Please take the records that follow and repeat exactly the lines starting with the line with "- person <box>491,74,501,85</box>" and going on through the line with "Estimate an oriented".
DATASET Block Start
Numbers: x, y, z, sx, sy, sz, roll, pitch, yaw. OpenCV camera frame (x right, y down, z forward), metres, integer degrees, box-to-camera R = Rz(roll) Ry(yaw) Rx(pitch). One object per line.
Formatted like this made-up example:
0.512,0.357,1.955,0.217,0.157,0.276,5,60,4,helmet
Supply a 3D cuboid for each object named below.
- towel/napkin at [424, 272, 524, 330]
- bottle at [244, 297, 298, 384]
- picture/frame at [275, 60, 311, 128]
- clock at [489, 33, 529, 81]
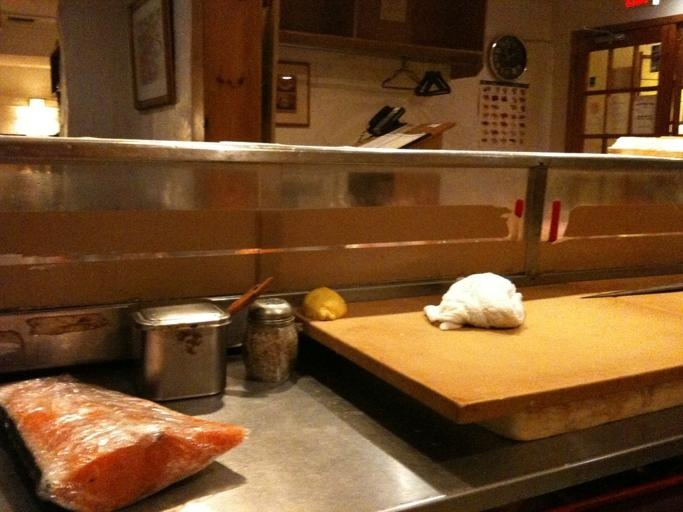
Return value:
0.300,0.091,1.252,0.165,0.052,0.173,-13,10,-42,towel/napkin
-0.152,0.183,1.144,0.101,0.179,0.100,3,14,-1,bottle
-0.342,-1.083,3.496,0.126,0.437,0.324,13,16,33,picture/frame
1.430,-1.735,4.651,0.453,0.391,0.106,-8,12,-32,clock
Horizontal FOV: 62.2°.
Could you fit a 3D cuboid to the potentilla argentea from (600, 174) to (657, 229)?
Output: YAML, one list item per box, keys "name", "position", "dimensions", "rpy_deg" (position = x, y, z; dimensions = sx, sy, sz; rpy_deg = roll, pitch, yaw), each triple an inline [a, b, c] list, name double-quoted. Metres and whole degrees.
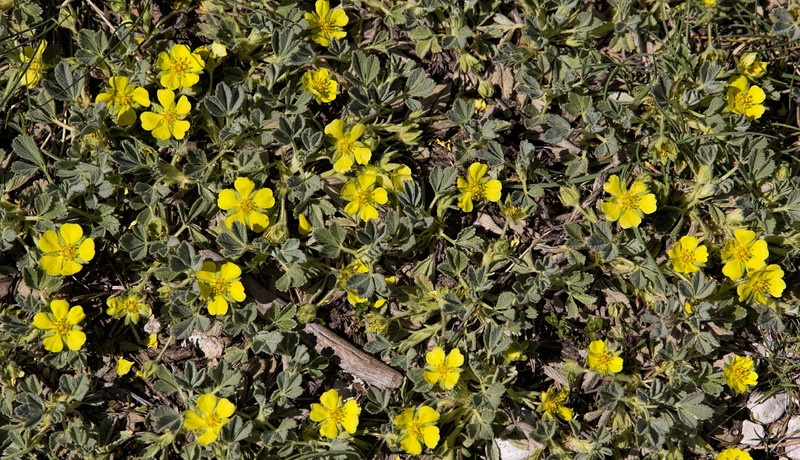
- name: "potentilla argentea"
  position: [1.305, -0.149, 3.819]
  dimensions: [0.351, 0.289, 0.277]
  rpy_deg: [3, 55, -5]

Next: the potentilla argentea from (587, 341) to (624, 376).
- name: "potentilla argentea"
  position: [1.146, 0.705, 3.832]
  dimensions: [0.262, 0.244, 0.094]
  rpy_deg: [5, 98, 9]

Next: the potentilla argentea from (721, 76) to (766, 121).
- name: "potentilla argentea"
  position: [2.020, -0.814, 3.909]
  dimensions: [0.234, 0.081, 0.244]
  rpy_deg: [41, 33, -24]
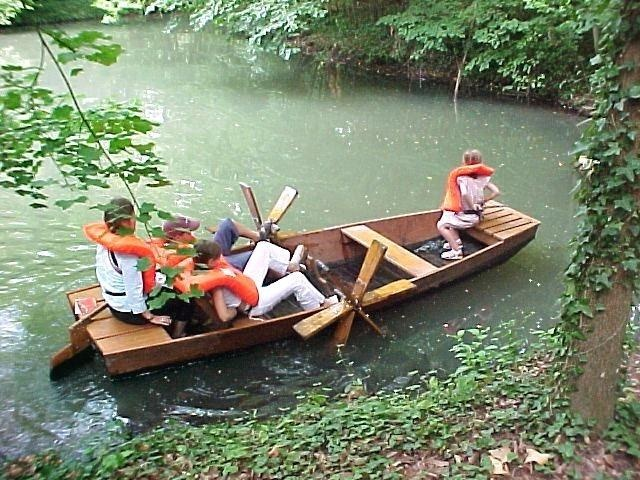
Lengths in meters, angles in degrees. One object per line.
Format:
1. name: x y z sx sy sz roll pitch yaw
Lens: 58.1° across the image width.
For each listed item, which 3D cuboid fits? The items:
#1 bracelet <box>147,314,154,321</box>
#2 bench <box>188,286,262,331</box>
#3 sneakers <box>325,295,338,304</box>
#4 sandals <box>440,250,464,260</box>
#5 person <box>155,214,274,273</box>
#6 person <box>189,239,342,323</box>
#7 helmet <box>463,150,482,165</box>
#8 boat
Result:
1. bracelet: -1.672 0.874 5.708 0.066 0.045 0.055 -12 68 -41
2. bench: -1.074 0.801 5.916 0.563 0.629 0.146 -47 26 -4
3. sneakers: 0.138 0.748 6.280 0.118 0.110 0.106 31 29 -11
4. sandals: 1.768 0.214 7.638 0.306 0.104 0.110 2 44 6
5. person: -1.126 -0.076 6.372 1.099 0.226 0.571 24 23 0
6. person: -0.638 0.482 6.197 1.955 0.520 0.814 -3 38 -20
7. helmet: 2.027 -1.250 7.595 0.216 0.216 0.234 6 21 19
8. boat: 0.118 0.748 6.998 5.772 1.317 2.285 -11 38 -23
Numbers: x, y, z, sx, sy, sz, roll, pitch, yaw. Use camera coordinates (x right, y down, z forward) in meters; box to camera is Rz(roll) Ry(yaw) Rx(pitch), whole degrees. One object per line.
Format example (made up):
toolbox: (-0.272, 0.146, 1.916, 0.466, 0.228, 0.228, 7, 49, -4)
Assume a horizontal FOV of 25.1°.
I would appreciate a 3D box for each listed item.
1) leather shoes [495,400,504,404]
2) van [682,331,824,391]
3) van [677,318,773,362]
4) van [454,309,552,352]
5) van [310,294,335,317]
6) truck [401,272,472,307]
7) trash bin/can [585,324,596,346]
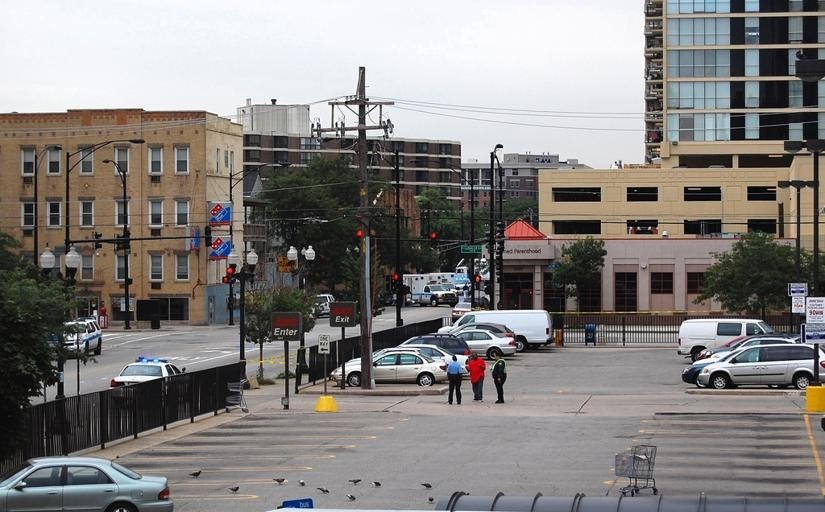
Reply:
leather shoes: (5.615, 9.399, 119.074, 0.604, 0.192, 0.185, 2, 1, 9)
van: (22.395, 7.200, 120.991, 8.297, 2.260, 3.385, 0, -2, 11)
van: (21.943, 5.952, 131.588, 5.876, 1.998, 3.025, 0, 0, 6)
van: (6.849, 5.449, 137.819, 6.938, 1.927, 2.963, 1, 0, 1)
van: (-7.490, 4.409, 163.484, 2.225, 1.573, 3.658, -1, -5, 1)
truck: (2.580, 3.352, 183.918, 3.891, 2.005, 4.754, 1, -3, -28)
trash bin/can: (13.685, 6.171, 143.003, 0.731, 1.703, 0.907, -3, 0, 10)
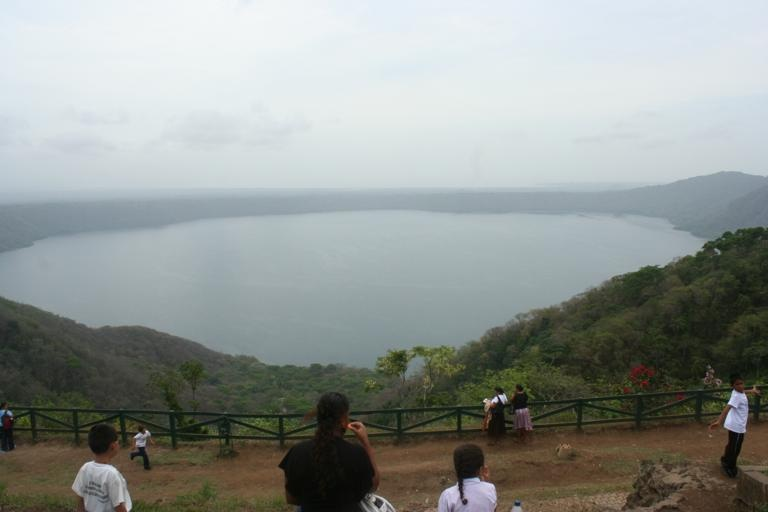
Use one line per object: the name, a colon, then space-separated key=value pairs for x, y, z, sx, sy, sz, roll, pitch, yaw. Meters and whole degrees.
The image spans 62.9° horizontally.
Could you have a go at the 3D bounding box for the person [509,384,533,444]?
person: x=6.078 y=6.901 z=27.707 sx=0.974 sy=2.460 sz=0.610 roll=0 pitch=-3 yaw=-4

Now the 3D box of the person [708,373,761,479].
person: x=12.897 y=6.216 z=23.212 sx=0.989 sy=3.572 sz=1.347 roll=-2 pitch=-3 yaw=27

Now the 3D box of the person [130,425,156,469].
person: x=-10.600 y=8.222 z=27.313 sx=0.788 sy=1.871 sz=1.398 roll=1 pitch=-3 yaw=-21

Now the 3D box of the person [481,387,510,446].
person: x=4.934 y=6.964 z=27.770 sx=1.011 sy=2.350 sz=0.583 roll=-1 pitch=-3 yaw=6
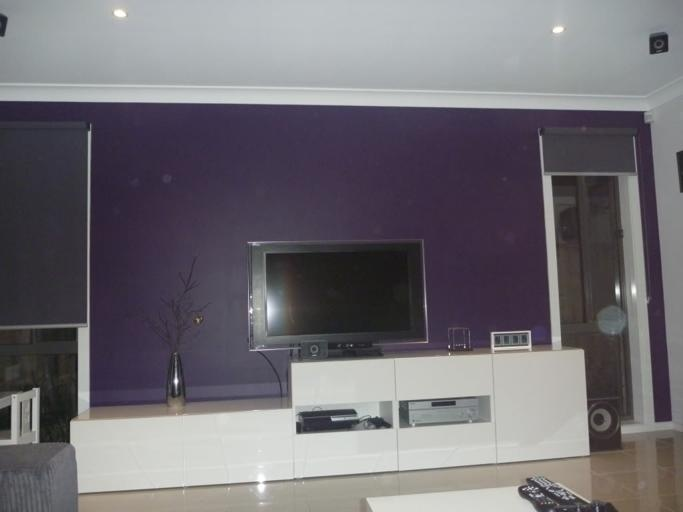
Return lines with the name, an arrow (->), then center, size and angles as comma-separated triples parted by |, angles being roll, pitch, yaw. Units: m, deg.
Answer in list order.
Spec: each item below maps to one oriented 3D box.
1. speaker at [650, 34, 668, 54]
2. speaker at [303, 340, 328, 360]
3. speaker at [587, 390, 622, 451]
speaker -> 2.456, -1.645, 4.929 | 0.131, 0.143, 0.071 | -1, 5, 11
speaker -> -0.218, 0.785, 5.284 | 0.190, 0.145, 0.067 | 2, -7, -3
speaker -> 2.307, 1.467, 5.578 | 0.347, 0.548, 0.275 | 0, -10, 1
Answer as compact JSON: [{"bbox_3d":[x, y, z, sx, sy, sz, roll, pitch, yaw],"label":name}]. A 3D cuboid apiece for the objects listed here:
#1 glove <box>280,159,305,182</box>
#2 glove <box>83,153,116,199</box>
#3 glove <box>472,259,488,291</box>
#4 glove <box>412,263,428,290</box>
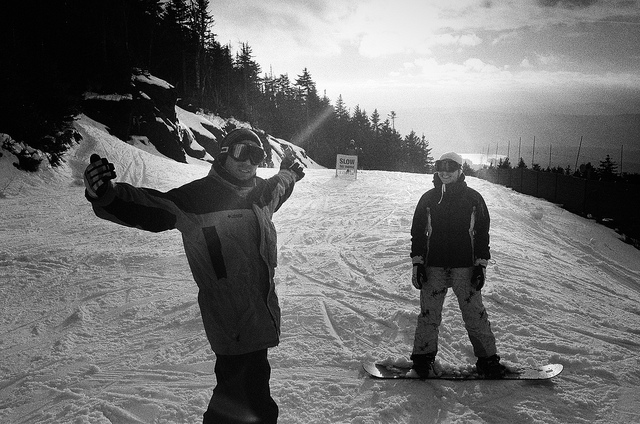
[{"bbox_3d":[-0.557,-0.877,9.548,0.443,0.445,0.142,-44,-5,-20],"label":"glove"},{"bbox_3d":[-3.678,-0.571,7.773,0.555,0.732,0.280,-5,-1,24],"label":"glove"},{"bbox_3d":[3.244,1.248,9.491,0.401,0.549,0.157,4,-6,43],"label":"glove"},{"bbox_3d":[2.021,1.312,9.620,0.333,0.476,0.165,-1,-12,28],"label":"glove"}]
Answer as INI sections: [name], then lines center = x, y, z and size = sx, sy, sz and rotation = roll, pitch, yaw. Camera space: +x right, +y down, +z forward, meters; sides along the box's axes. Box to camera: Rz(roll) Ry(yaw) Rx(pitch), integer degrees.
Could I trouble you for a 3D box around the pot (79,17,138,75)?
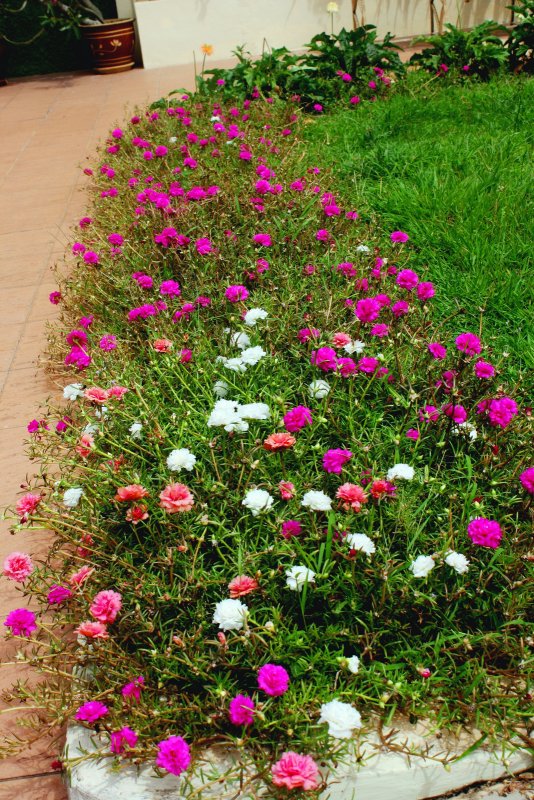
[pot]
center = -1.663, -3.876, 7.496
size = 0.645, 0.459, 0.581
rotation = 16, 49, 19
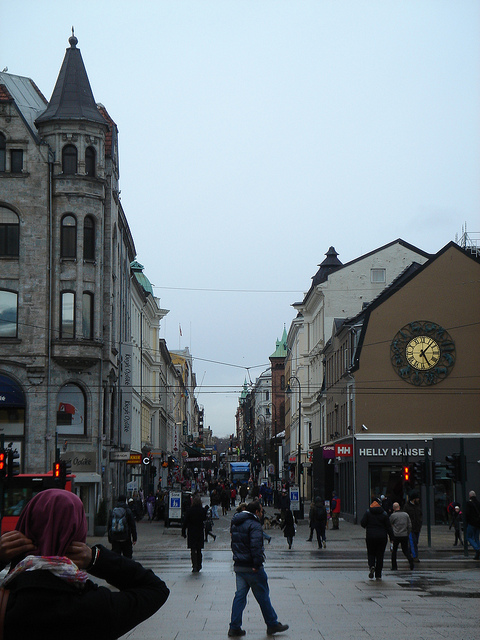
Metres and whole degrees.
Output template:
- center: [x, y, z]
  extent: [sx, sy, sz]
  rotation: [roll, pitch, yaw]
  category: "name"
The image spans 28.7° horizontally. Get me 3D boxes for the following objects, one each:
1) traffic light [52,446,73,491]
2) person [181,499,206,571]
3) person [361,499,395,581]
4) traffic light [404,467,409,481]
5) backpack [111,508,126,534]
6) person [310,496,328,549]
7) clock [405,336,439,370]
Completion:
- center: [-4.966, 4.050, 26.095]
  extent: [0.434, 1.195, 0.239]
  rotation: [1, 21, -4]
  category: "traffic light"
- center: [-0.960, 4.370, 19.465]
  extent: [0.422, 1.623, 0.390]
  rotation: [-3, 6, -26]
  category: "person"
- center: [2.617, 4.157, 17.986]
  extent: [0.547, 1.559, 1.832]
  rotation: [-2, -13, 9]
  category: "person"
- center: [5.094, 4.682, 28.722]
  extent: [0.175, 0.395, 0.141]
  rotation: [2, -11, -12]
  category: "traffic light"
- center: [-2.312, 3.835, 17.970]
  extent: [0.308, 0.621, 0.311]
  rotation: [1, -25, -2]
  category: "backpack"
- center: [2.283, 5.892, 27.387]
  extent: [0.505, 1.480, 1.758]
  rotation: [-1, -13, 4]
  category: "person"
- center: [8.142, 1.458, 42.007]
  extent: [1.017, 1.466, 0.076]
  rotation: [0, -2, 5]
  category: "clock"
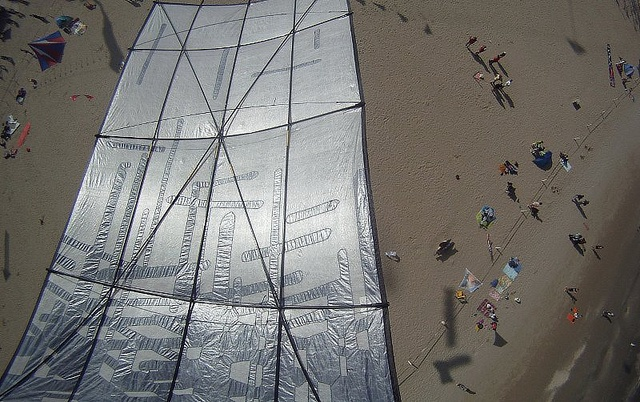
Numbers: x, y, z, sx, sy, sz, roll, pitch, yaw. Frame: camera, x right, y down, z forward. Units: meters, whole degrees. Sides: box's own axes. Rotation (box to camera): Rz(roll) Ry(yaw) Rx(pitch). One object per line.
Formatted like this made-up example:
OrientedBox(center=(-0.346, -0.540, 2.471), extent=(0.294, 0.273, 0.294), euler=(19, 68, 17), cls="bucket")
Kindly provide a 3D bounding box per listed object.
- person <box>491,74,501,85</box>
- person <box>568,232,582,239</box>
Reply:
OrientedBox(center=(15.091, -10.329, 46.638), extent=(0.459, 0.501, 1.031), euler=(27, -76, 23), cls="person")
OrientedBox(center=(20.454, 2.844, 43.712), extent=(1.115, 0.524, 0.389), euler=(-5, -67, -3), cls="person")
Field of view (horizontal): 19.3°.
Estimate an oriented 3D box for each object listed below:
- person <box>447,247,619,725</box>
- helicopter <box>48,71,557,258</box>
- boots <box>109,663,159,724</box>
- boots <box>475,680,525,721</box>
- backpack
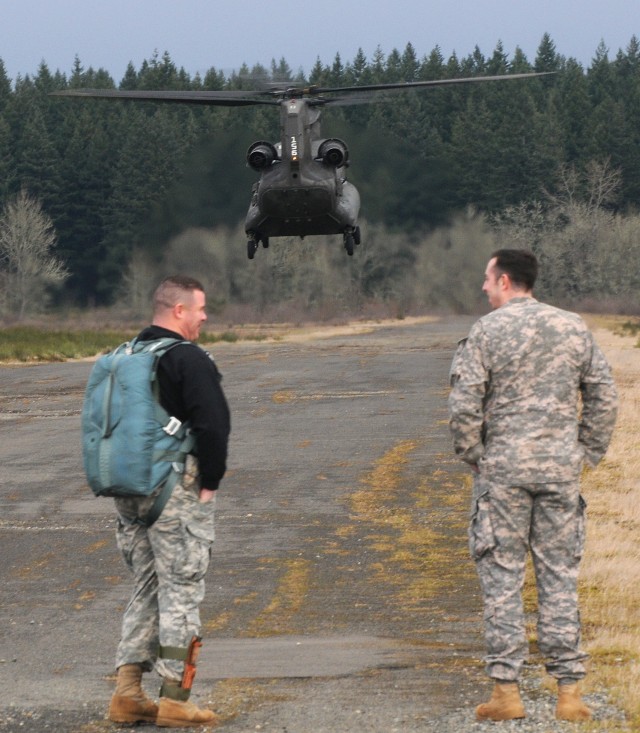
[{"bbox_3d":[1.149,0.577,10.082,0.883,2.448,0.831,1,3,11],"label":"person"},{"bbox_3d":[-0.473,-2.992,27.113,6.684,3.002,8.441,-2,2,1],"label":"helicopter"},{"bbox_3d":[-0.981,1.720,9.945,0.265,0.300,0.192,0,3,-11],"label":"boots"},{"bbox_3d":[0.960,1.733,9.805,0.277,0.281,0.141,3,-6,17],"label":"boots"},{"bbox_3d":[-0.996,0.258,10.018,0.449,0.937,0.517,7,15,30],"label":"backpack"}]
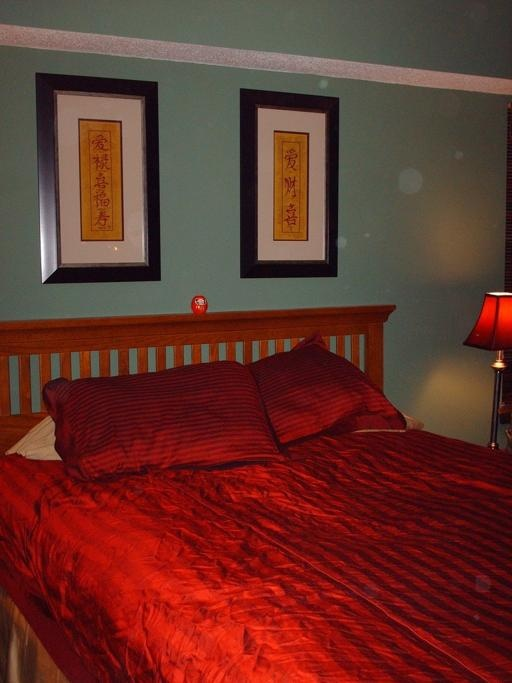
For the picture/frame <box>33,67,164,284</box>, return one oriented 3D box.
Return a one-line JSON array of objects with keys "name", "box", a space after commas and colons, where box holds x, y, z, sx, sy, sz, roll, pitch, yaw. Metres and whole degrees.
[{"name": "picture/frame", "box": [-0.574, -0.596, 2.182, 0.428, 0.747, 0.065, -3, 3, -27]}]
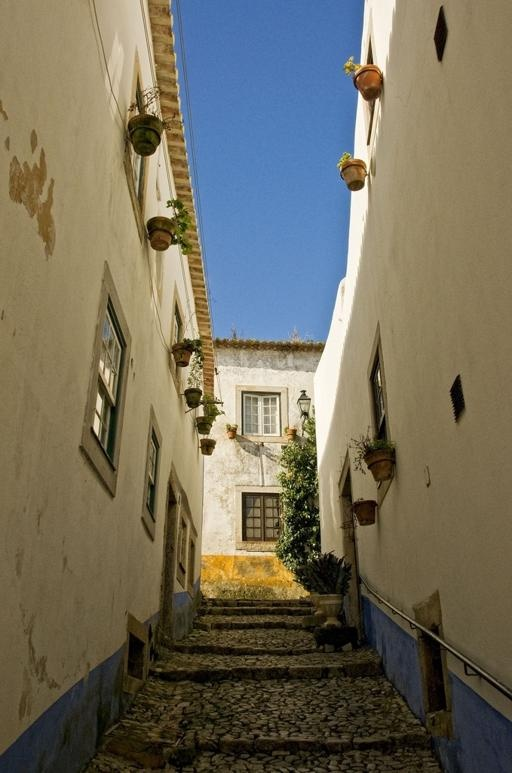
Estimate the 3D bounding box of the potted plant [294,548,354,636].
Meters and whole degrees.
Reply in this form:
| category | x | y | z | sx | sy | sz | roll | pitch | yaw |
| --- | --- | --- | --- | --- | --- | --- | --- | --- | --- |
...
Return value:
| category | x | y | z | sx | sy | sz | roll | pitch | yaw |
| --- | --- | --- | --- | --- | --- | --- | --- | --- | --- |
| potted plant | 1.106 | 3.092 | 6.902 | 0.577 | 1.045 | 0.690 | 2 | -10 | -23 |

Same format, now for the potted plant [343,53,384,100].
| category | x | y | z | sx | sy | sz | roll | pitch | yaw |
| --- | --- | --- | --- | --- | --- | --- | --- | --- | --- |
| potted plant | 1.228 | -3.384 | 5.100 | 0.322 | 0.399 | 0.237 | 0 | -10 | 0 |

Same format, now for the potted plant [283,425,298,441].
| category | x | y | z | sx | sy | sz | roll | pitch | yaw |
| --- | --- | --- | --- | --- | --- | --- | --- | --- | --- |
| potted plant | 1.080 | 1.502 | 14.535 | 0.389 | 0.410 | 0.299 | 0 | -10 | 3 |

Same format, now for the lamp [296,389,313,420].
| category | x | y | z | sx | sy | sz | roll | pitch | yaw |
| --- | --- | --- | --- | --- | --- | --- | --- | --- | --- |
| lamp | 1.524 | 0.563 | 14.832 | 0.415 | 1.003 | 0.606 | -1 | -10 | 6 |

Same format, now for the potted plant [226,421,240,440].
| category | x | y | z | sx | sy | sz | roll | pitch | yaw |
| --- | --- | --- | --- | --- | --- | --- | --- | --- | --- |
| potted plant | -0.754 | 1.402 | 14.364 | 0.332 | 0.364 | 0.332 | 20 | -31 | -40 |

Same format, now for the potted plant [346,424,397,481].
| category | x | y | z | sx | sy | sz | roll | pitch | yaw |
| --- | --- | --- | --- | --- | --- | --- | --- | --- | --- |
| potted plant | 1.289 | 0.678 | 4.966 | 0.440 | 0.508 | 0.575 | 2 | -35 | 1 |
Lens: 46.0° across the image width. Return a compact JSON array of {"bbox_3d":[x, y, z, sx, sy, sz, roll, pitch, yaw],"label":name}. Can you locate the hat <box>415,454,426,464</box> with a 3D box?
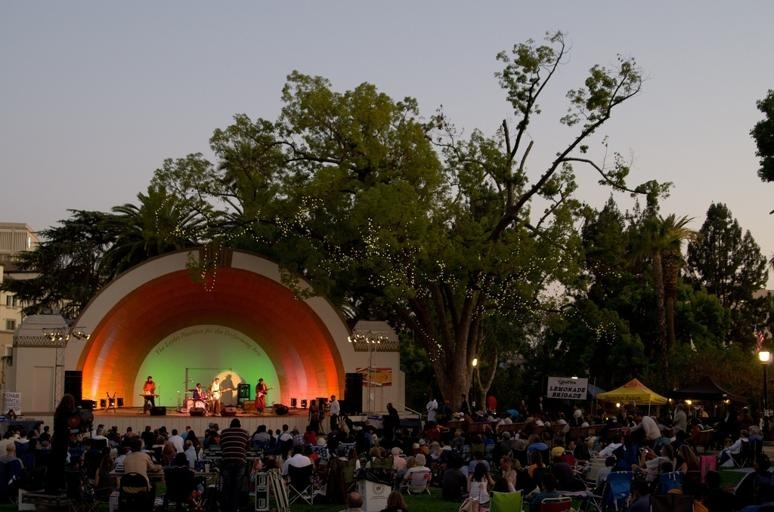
DATASET Block End
- [EXERCISE RESPONSE]
- person <box>491,74,501,85</box>
- person <box>568,232,582,239</box>
Reply:
OrientedBox(center=(15.091, -10.329, 46.638), extent=(0.459, 0.501, 1.031), euler=(27, -76, 23), cls="person")
OrientedBox(center=(20.454, 2.844, 43.712), extent=(1.115, 0.524, 0.389), euler=(-5, -67, -3), cls="person")
Field of view (horizontal): 19.3°.
Estimate an oriented 3D box for each object listed below:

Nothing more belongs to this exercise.